For example, assuming a 9.3% average annual return with all income distributions reinvested, an initial investment of $1,000 in the S&P/ASX All Ordinaries Total Return Index on 1 July 1995-implemented through a broad index-tracking fund-would have appreciated to $14,379 by 30 June 2025.*

That’s not bad. A sizeable 1,340% return, in fact, by doing nothing other than reinvesting all income distributions back into the same investment to harness the power of compounding.

But an investor could have achieved returns many multiples higher by adding regular amounts of “financial fertiliser” to their money tree over the same time period.

It’s how a $1,000 initial investment could have grown to over $823,000 by 30 June 2025.

 

Adding $100 per month

Just by adding $100 per month, an initial investment of $1,000 on 1 July 1995 would have compounded to more than $176,000 by 30 June 2025. That’s based on the performance of the S&P/ASX All Ordinaries Total Return Index, the addition of regular investments, and the reinvestment of all distributions.

Put another way, by making a total of $36,000 in additional investments over 30 years, a $1,000 initial investment combined with compounding growth would have returned close to $162,000 more than the $14,379 balance from making no additional investments.
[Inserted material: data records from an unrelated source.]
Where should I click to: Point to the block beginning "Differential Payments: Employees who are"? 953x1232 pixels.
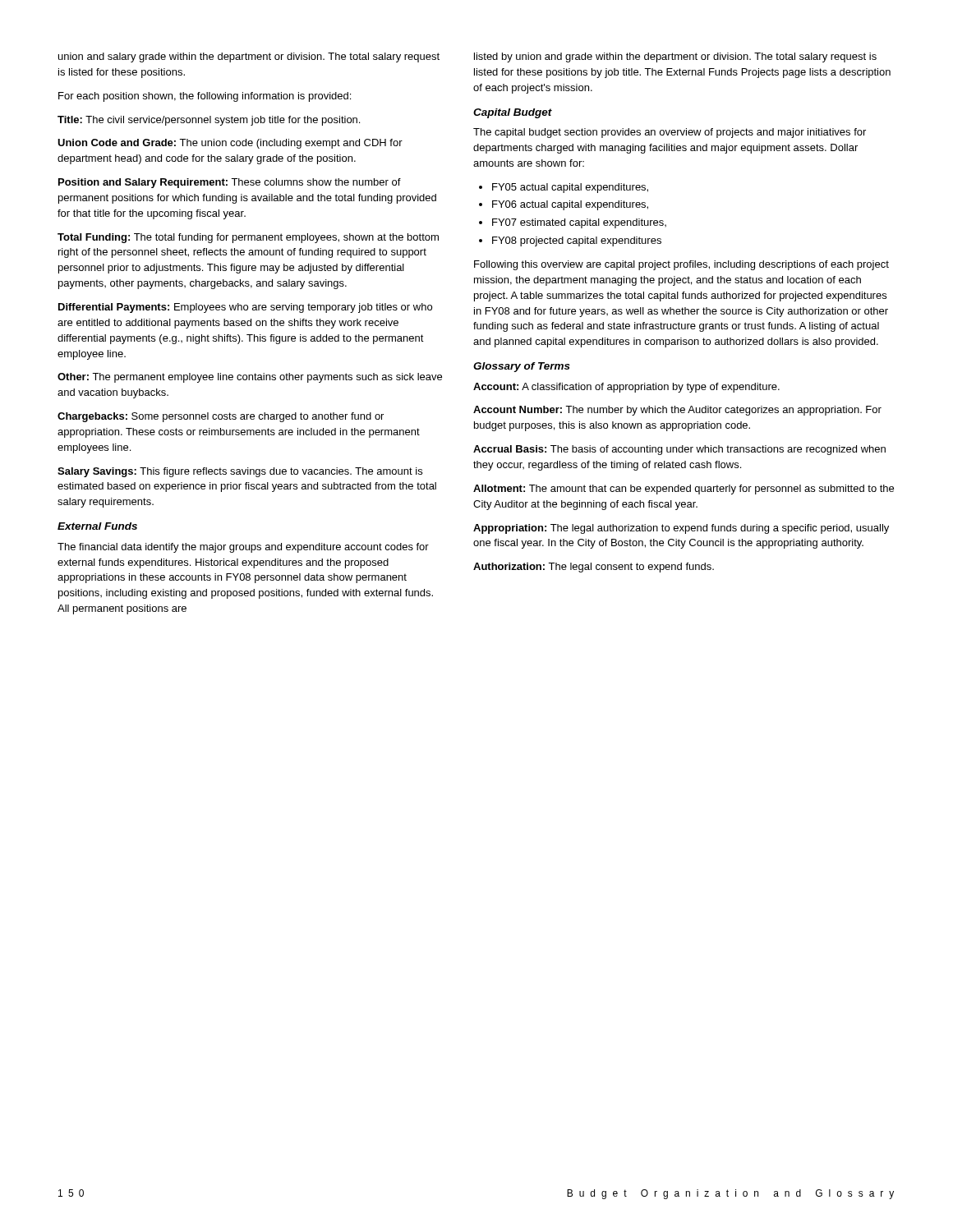tap(251, 331)
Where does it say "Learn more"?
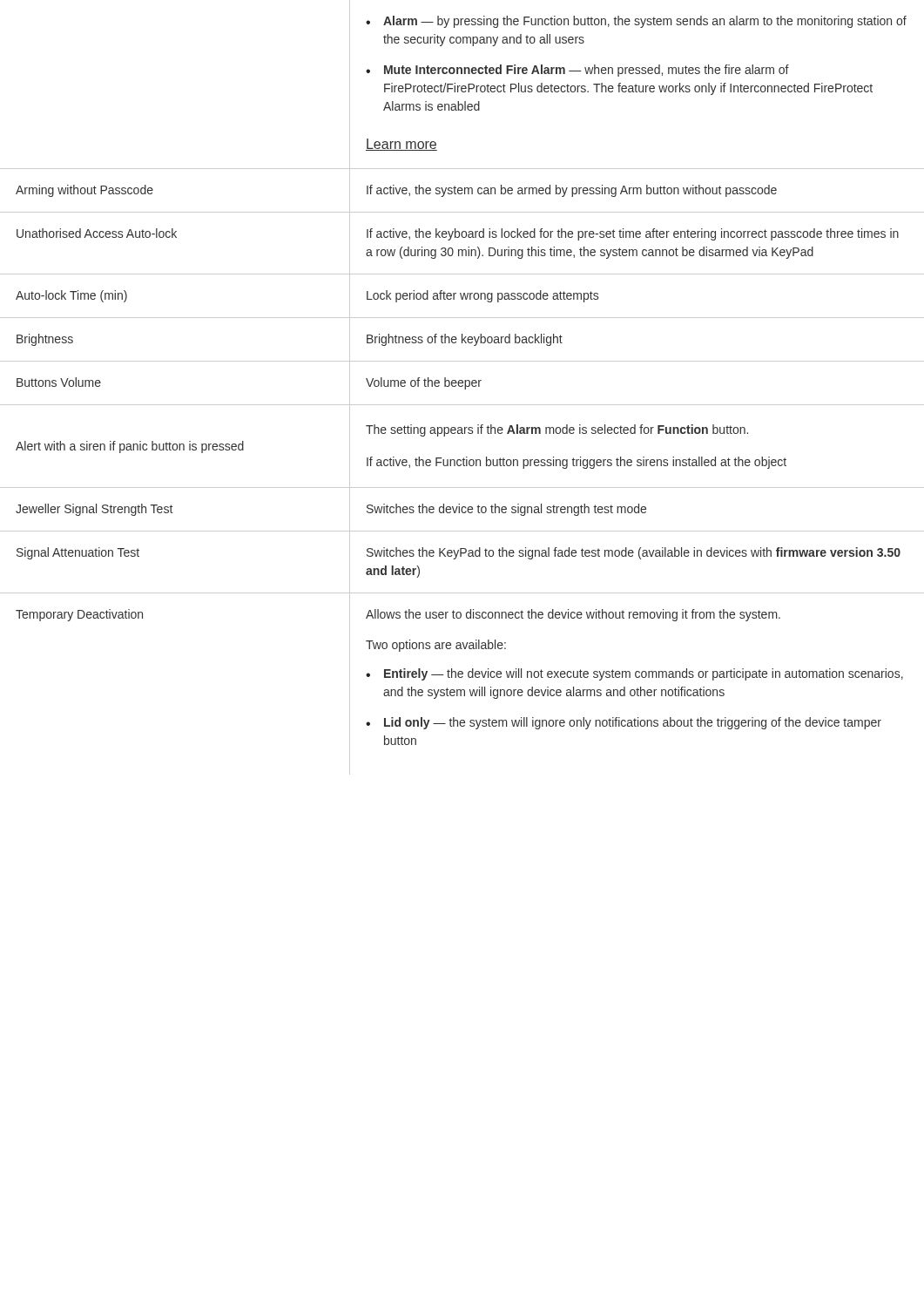924x1307 pixels. [401, 145]
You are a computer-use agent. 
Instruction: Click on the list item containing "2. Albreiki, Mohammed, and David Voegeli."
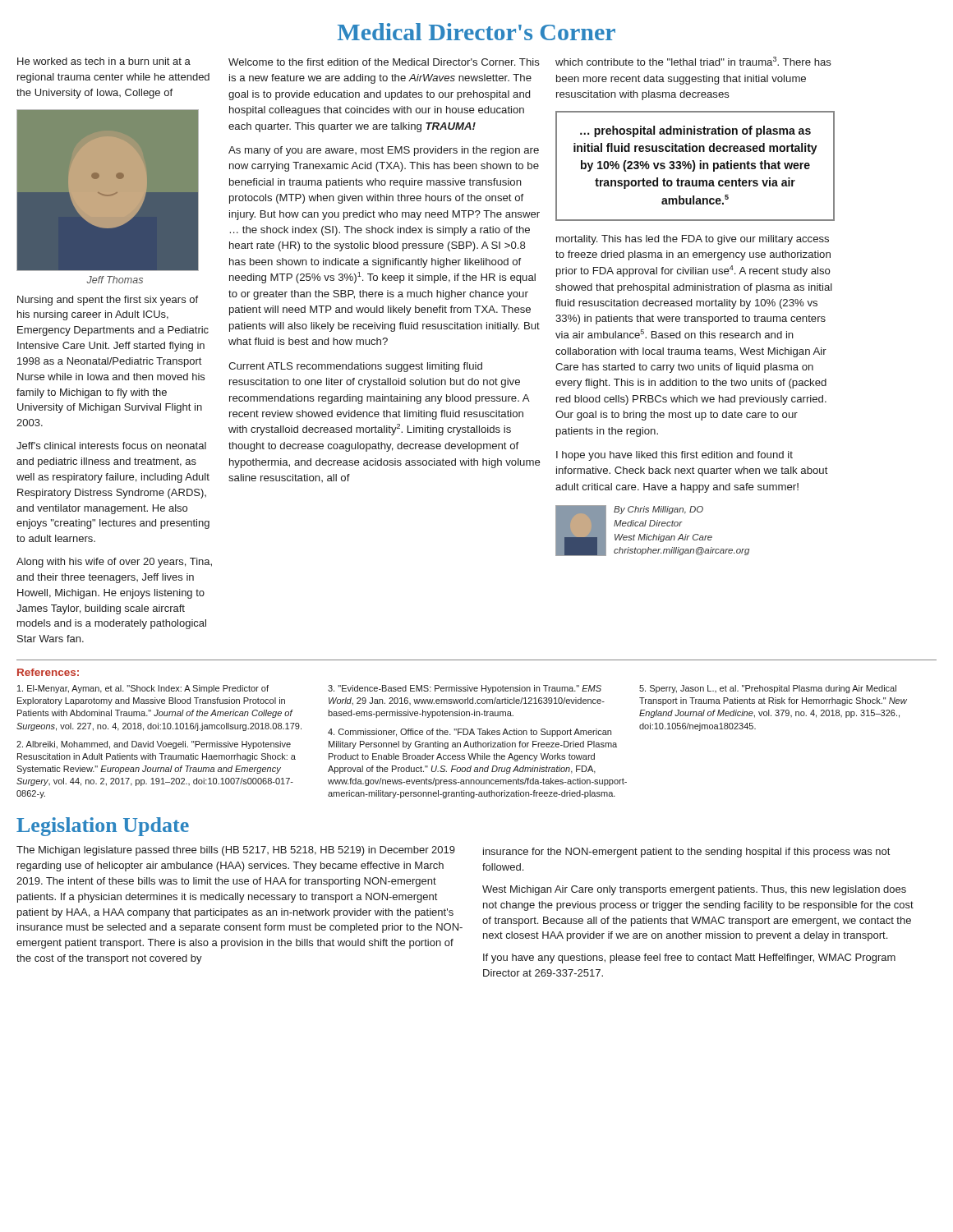[x=156, y=769]
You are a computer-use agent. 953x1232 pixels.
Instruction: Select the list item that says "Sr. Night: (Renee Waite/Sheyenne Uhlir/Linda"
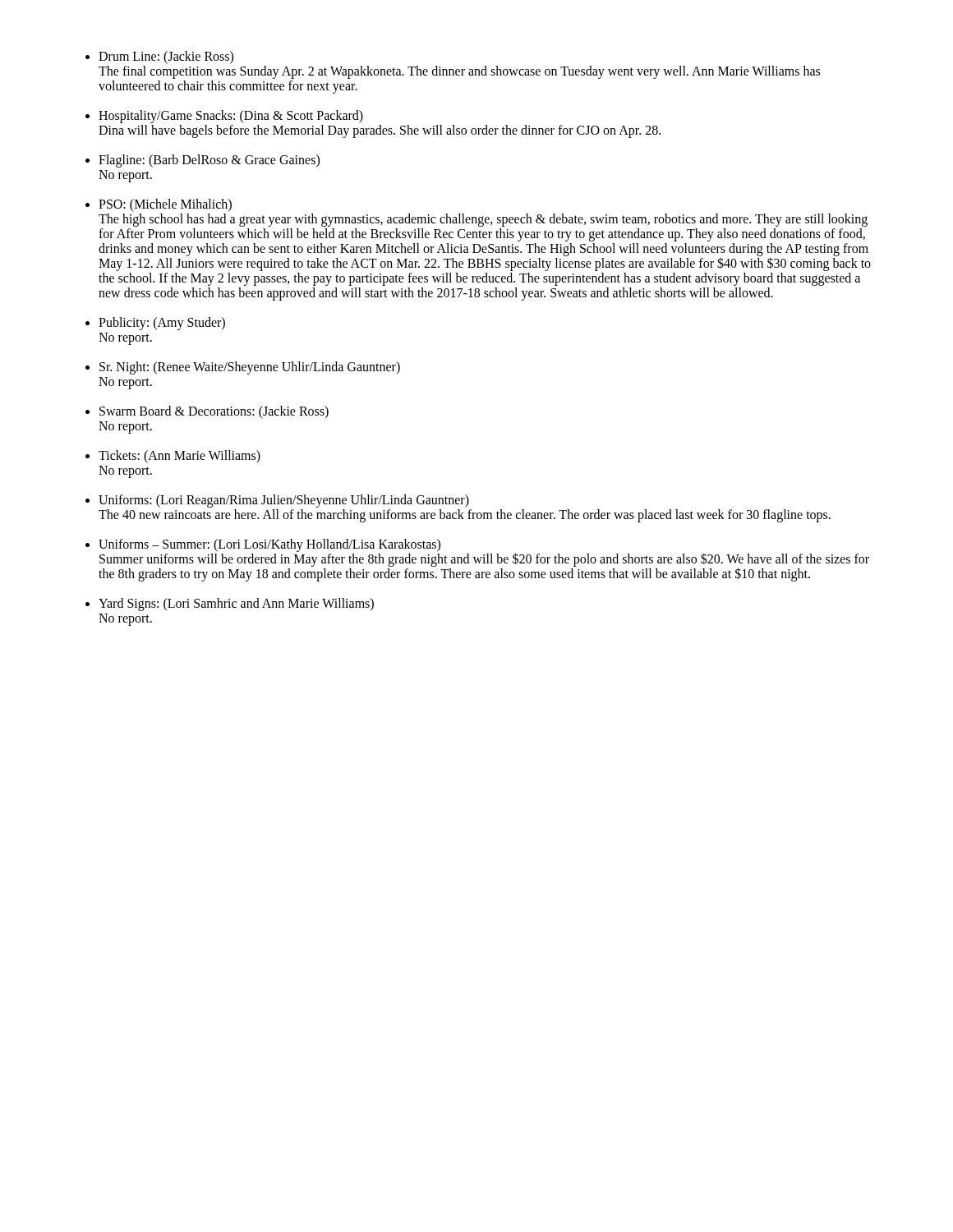(249, 374)
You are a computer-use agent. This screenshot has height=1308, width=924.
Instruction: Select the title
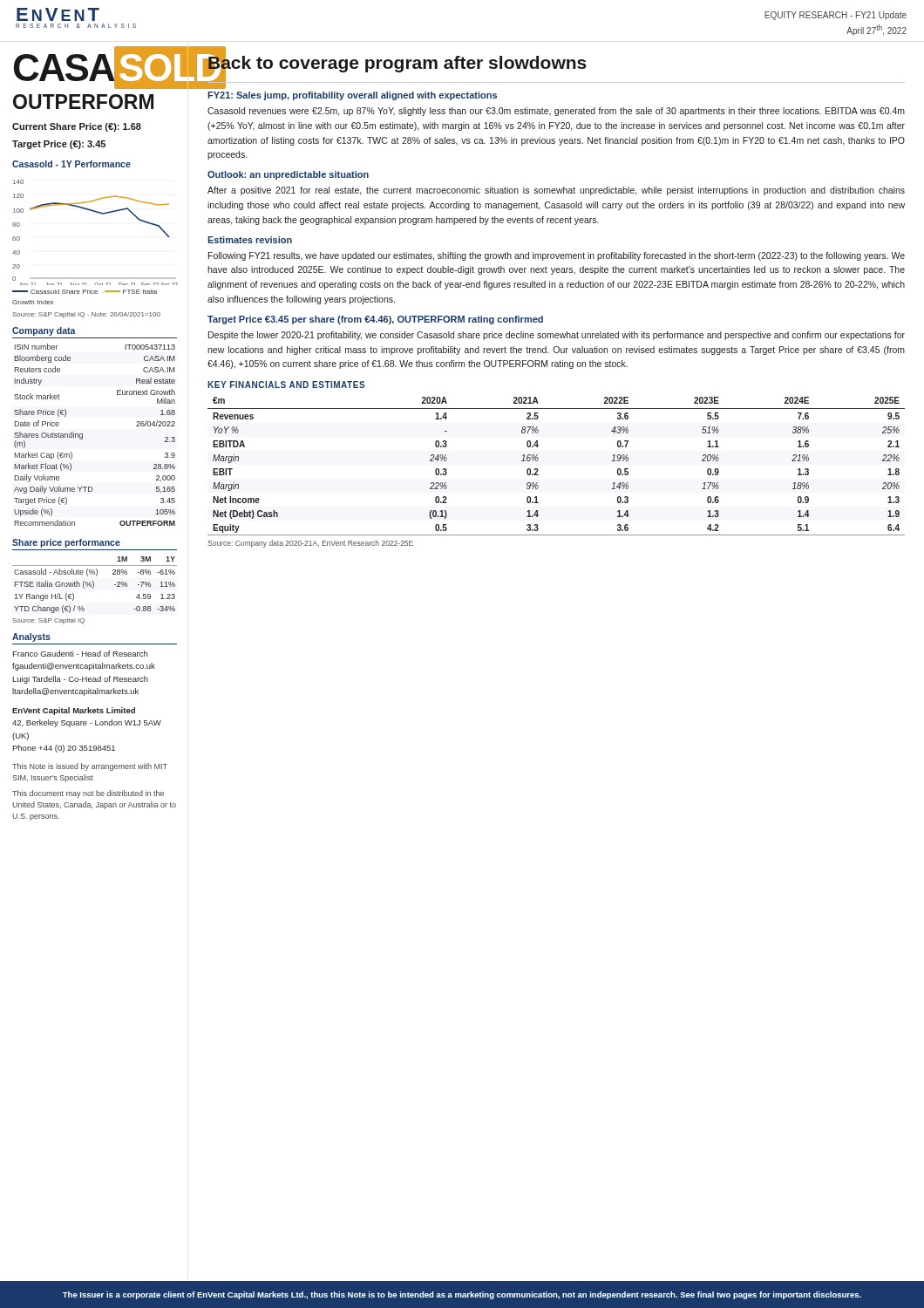pyautogui.click(x=397, y=62)
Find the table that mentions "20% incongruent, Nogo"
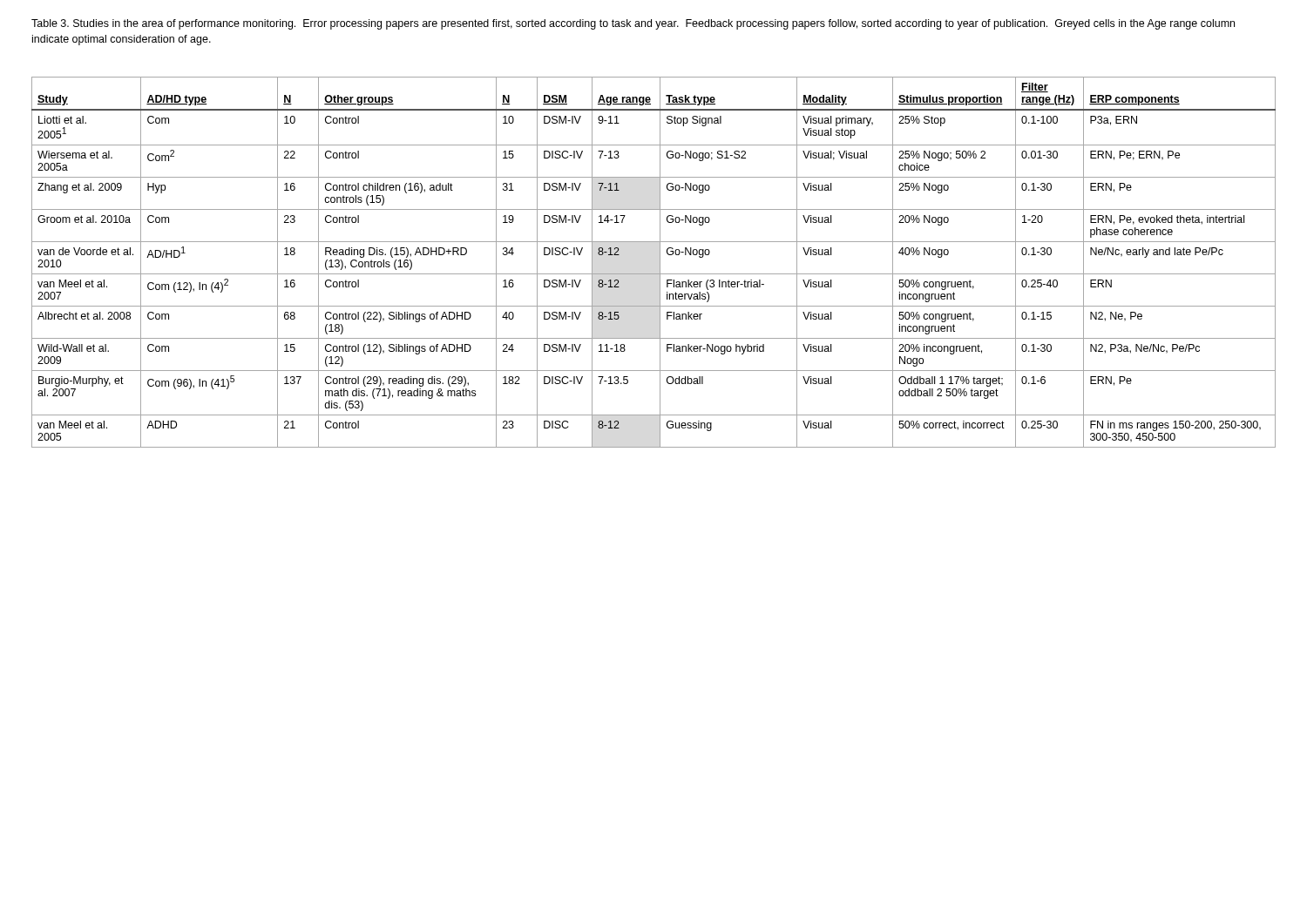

The returns numbers assume no investment management fees, indirect trading costs, or capital gains taxes were incurred along the way.

 

Adding $200 per month

By adding $200 per month, an initial $1,000 investment, once again based on the performance of the S&P/ASX All Ordinaries Total Return Index, would have grown to around $338,000.

That’s a $73,000 total investment (the initial $1,000 plus $72,000 in additional investments) over 30 years to achieve an investment worth around $323,000 more than the $14,379 balance if no additional investments had been made.

 

Adding $500 per month

However, a regular investments strategy of $500 per month over 30 years ($180,000 in total) would have seen the initial $1,000 investment grow to $823,114 by 30 June 2025 – more than $808,000 higher than the $14,379 balance if no additional investments had been made.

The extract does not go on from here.